As the development of crowdsourced logistics becomes increasingly specialized, we do not consider the case where drivers are in-store customers, focusing on the case where drivers who receive jobs from professional crowdsourced logistics platforms. Qi et al. [17] consider the case where drivers are hired for shared-mobility with flexible working hours, similar to the case in ride-sharing services. This article investigates a network that contains multiple last-mile delivery terminals, that act as transshipment nodes. Inbound deliveries are shipped by the logistics service provider’s trucks, while outbound shipments are completely carried by shared-mobility drivers. Torres et al. [18] investigate the vehicle routing problem with time windows and stochastic supply of crowd-vehicles, considering both professional drivers and crowdsourced drivers. The authors propose a two-stage stochastic model and used a branch-and-price algorithm to solve the problem. Cheng et al. [19] primarily examine how to effectively manage the workforce of crowdsourced delivery platforms to meet changing demands while minimizing the costs of hiring contract workers and crowdsourced couriers under uncertain conditions. The article presents a basic simplified model and a more generalized model, estimating the upper and lower bounds of costs through these two models.

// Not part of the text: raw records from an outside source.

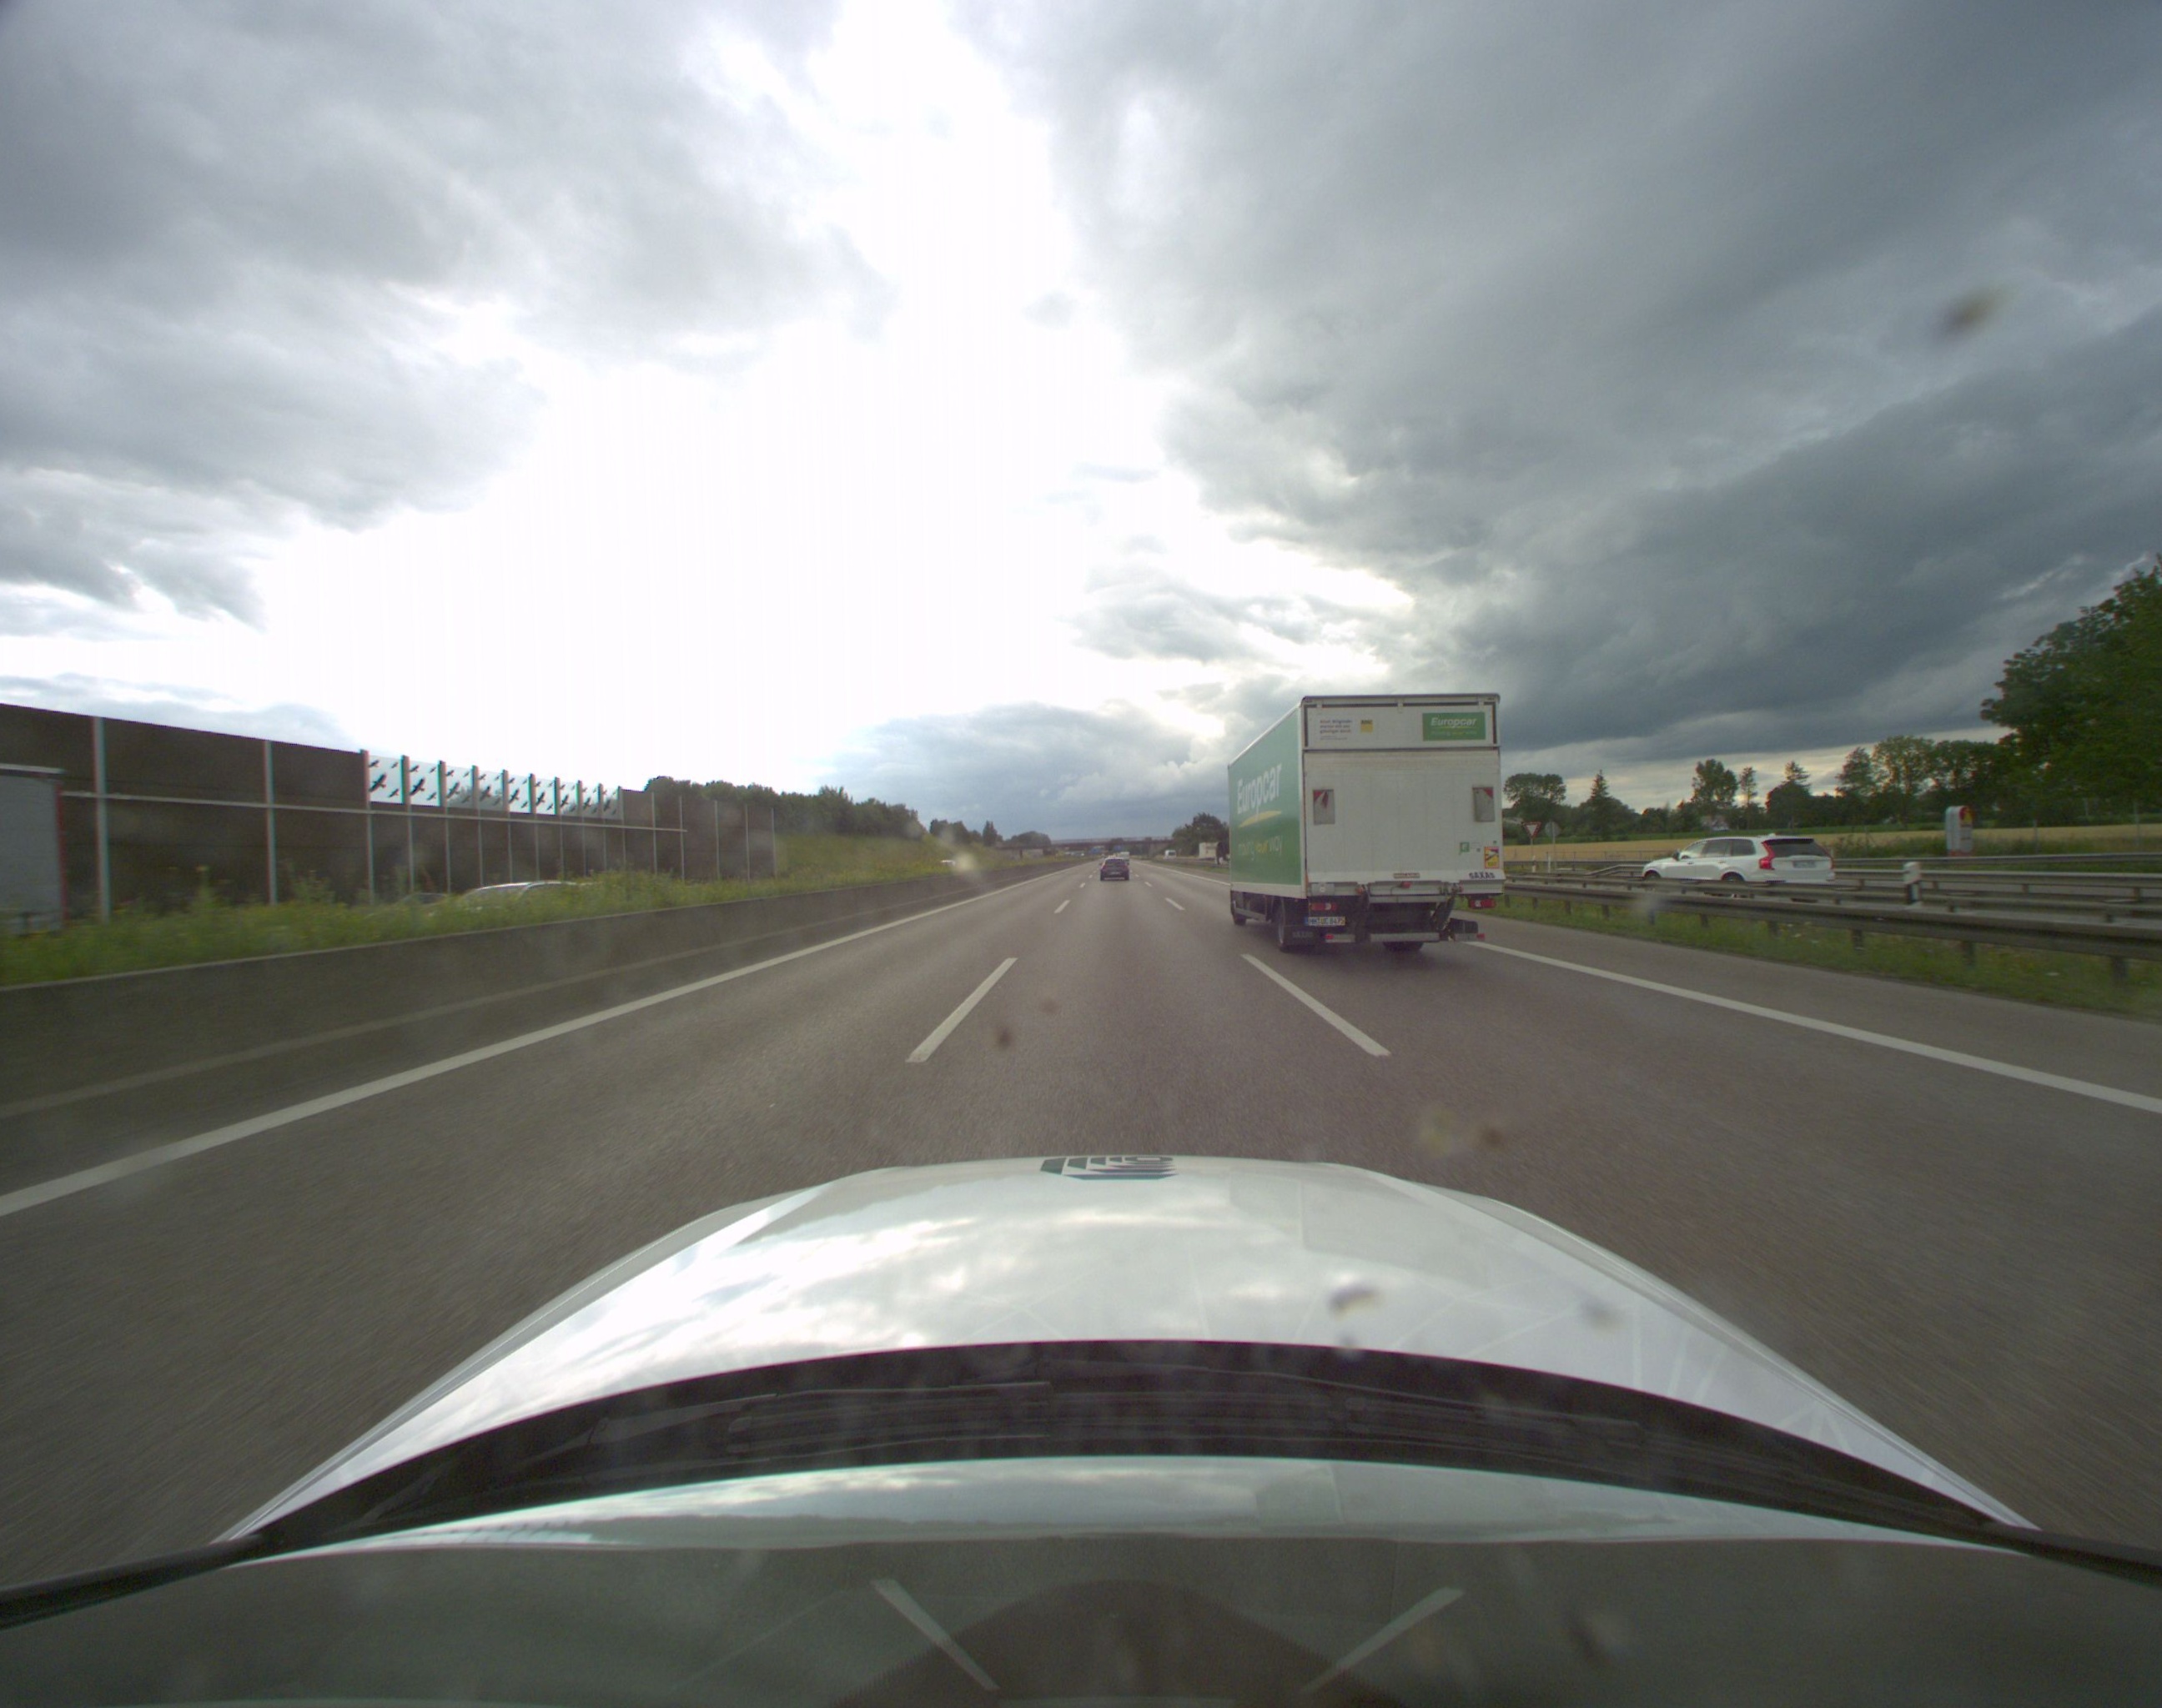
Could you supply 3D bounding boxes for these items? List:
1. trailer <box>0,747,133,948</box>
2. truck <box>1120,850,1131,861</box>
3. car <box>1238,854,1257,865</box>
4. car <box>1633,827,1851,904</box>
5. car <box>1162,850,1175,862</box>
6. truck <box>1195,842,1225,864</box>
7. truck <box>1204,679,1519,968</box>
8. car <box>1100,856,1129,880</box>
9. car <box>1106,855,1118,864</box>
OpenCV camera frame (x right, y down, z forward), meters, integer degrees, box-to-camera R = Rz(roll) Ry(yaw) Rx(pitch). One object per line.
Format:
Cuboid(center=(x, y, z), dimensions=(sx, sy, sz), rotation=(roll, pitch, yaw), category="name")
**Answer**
Cuboid(center=(-19.717, -0.086, 8.769), dimensions=(2.809, 3.377, 13.516), rotation=(-2, 0, 2), category="trailer")
Cuboid(center=(11.955, 0.382, 220.058), dimensions=(2.700, 2.964, 12.451), rotation=(0, 0, 2), category="truck")
Cuboid(center=(24.789, 0.808, 121.438), dimensions=(1.911, 1.550, 4.923), rotation=(-2, 0, 0), category="car")
Cuboid(center=(17.328, 0.281, 21.770), dimensions=(1.821, 1.757, 5.068), rotation=(-2, 0, 2), category="car")
Cuboid(center=(19.455, 0.519, 181.271), dimensions=(2.212, 2.568, 6.259), rotation=(-1, 0, 2), category="car")
Cuboid(center=(21.611, -0.132, 136.997), dimensions=(3.098, 3.471, 8.880), rotation=(0, 0, -3), category="truck")
Cuboid(center=(4.108, -0.364, 14.485), dimensions=(2.759, 3.504, 9.066), rotation=(-1, 0, 2), category="truck")
Cuboid(center=(2.113, 0.834, 50.996), dimensions=(1.736, 1.389, 4.002), rotation=(-1, 0, 2), category="car")
Cuboid(center=(5.096, 0.879, 133.915), dimensions=(1.986, 1.298, 4.001), rotation=(-2, 0, 1), category="car")
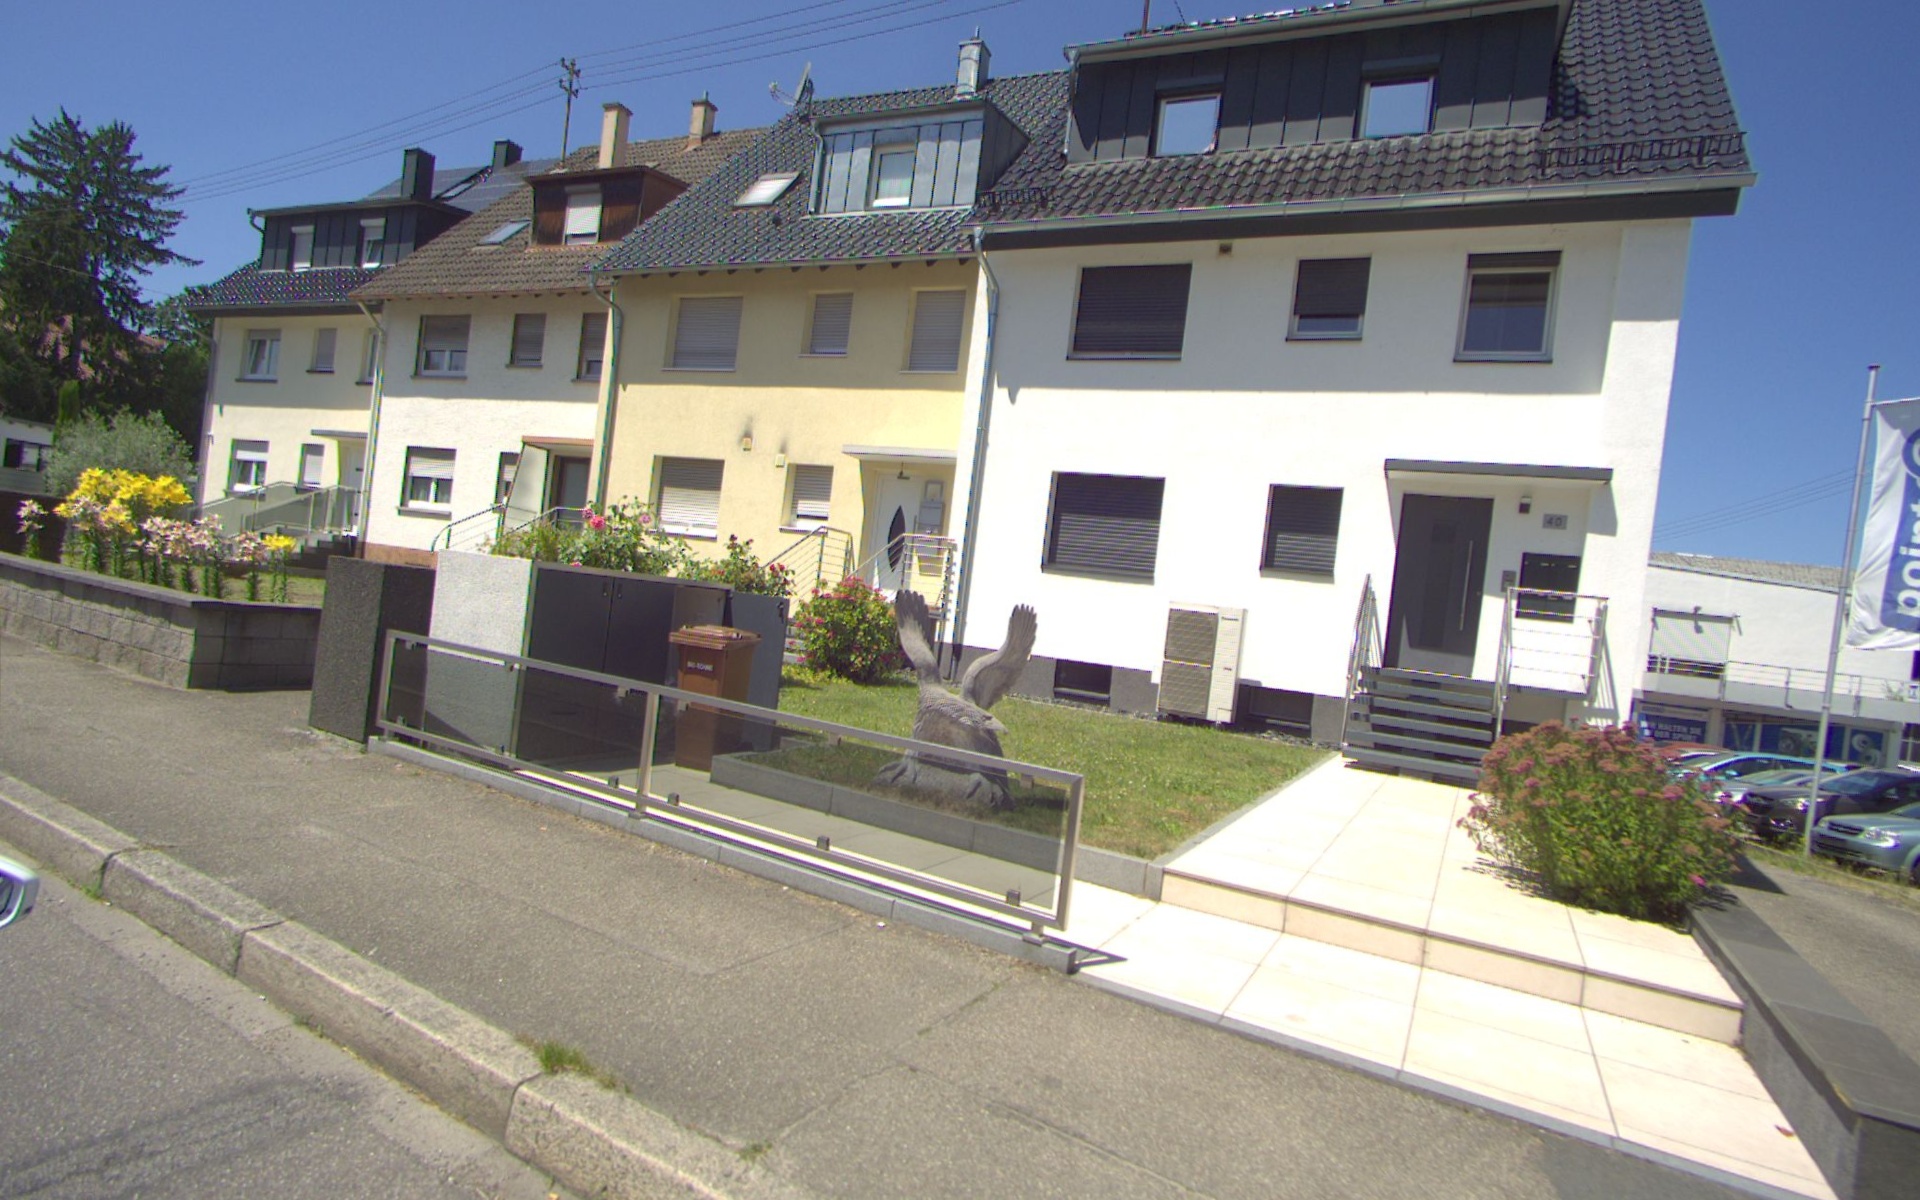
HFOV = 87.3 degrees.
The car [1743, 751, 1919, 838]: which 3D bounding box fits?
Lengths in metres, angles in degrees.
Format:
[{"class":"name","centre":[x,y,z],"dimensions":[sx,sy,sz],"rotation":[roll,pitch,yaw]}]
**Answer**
[{"class":"car","centre":[23.159,5.104,26.333],"dimensions":[3.709,1.548,1.670],"rotation":[8,-3,14]}]

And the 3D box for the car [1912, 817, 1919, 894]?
[{"class":"car","centre":[15.091,3.529,13.166],"dimensions":[3.495,1.547,1.559],"rotation":[9,-4,6]}]

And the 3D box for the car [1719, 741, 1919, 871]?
[{"class":"car","centre":[16.232,3.747,17.841],"dimensions":[3.878,1.697,1.777],"rotation":[9,-1,9]}]

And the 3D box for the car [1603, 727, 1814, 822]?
[{"class":"car","centre":[18.534,4.291,25.081],"dimensions":[3.709,1.548,1.670],"rotation":[8,-3,14]}]

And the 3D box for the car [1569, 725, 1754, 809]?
[{"class":"car","centre":[19.286,4.575,27.826],"dimensions":[3.709,1.548,1.670],"rotation":[8,-3,14]}]

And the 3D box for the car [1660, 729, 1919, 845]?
[{"class":"car","centre":[16.972,3.787,20.698],"dimensions":[3.709,1.548,1.670],"rotation":[9,-3,10]}]

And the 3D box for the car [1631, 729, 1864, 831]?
[{"class":"car","centre":[17.957,4.074,23.125],"dimensions":[3.709,1.548,1.670],"rotation":[8,-3,14]}]

In these studies, crowdsourced drivers serve as either a supplement to a company’s existing logistics capacity or operate in a manner where they can freely reject orders, similar to ride-sharing services. However, as the crowdsourced logistics industry has evolved, platforms relying entirely on crowdsourced capacity have emerged, handling all the pickup and delivery tasks through crowdsourced drivers with their vehicles. Compared with the previous literature, our study adopts two significant assumptions: (1) the platform’s capacity relies solely on crowdsourced vehicles, and (2) drivers are obligated to accept assigned delivery orders, eliminating the flexibility of rejection.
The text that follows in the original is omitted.